Only the lines that include "cmdline" should be copied from the data below.
Data extract below:
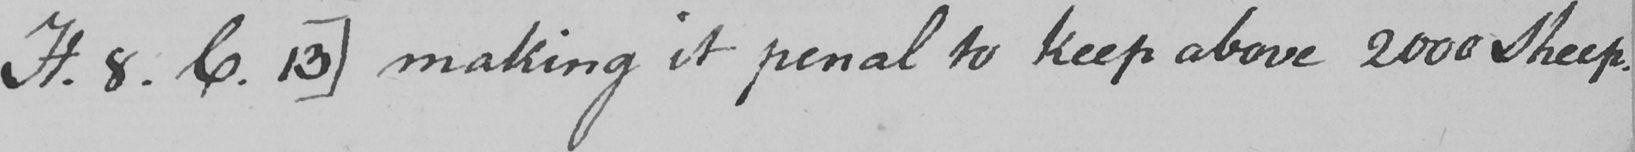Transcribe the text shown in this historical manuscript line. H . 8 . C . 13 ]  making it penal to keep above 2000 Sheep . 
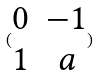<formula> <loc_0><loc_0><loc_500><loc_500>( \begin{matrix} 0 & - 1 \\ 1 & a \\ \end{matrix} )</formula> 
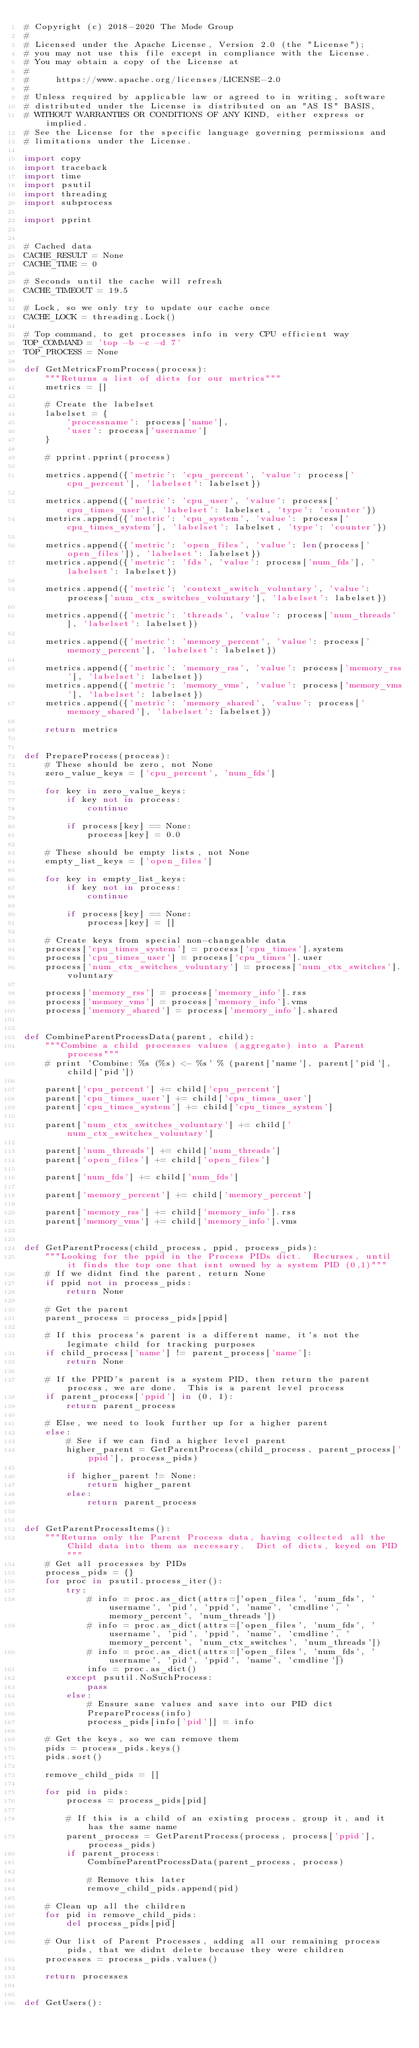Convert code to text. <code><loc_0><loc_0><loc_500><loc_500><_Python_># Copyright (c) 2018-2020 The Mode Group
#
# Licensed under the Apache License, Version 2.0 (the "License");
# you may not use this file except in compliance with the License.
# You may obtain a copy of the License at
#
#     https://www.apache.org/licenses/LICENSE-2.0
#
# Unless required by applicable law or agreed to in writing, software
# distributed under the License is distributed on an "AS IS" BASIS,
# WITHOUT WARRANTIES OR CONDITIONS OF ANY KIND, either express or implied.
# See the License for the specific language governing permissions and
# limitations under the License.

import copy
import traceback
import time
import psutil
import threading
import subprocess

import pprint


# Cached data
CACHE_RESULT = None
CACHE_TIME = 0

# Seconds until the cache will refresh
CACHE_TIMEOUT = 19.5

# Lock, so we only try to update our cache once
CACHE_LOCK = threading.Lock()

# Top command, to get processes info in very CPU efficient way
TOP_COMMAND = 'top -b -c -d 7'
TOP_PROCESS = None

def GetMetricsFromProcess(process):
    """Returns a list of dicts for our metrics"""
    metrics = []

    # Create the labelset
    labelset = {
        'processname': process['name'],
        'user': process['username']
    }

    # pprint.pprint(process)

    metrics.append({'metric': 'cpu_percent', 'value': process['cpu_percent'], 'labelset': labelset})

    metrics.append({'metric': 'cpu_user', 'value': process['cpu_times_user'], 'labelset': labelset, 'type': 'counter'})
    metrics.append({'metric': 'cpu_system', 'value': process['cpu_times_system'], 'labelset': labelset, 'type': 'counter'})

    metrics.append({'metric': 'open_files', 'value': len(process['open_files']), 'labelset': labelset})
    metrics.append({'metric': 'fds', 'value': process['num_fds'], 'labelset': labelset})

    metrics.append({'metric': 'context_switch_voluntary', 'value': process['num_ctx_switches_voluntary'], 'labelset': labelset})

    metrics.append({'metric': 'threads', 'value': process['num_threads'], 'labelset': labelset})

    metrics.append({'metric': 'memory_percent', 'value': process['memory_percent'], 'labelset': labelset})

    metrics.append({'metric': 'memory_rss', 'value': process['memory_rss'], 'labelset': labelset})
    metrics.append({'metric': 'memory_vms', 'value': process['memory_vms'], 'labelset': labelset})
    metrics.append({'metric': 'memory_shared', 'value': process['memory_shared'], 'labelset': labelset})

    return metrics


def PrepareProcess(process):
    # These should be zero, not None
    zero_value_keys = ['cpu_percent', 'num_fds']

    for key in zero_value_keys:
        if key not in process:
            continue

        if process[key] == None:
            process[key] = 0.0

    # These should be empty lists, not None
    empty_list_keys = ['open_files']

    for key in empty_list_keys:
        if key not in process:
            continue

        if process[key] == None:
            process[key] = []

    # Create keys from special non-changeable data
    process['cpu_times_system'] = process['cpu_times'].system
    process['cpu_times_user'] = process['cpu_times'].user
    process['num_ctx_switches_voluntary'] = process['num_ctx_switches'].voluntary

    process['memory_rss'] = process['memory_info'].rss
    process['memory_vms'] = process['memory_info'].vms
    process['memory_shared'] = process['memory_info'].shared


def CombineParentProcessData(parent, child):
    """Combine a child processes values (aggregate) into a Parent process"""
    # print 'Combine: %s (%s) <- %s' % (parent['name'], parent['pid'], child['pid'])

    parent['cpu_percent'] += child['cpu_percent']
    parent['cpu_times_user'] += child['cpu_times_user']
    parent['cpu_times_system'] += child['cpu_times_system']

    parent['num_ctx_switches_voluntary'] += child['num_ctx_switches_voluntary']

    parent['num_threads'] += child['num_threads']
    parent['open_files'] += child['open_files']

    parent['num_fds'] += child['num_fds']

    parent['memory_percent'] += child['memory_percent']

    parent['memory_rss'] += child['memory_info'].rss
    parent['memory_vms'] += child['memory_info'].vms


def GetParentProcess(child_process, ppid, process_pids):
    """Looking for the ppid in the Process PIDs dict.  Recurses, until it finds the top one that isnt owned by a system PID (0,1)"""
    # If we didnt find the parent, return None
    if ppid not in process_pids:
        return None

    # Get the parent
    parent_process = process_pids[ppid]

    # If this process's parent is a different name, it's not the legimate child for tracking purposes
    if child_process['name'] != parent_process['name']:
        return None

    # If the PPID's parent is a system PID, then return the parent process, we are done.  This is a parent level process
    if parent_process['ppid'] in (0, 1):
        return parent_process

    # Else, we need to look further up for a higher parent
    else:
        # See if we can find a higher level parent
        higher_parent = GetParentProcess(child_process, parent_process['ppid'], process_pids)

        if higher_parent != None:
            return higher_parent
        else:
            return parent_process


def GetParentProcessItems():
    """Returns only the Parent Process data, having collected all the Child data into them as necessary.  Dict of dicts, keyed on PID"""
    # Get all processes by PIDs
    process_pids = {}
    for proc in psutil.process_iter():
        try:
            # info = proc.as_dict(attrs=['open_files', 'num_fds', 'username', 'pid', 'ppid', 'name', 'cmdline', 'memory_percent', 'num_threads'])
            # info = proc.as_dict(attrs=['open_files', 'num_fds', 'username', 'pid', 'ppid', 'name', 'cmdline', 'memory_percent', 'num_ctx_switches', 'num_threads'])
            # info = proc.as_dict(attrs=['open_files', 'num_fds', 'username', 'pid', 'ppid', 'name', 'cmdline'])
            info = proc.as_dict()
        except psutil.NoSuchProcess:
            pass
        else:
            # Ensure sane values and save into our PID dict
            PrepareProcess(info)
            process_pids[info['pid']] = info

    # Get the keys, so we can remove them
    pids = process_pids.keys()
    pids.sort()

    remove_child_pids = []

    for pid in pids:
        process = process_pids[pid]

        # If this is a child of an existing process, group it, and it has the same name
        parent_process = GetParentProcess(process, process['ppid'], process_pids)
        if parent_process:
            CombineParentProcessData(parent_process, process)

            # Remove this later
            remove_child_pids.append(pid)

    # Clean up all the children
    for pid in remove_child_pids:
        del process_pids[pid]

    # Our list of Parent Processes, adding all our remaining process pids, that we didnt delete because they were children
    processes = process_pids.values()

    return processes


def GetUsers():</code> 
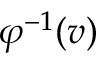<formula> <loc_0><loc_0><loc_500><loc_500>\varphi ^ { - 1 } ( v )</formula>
End of Data extract.
Solution below:
            # info = proc.as_dict(attrs=['open_files', 'num_fds', 'username', 'pid', 'ppid', 'name', 'cmdline', 'memory_percent', 'num_threads'])
            # info = proc.as_dict(attrs=['open_files', 'num_fds', 'username', 'pid', 'ppid', 'name', 'cmdline', 'memory_percent', 'num_ctx_switches', 'num_threads'])
            # info = proc.as_dict(attrs=['open_files', 'num_fds', 'username', 'pid', 'ppid', 'name', 'cmdline'])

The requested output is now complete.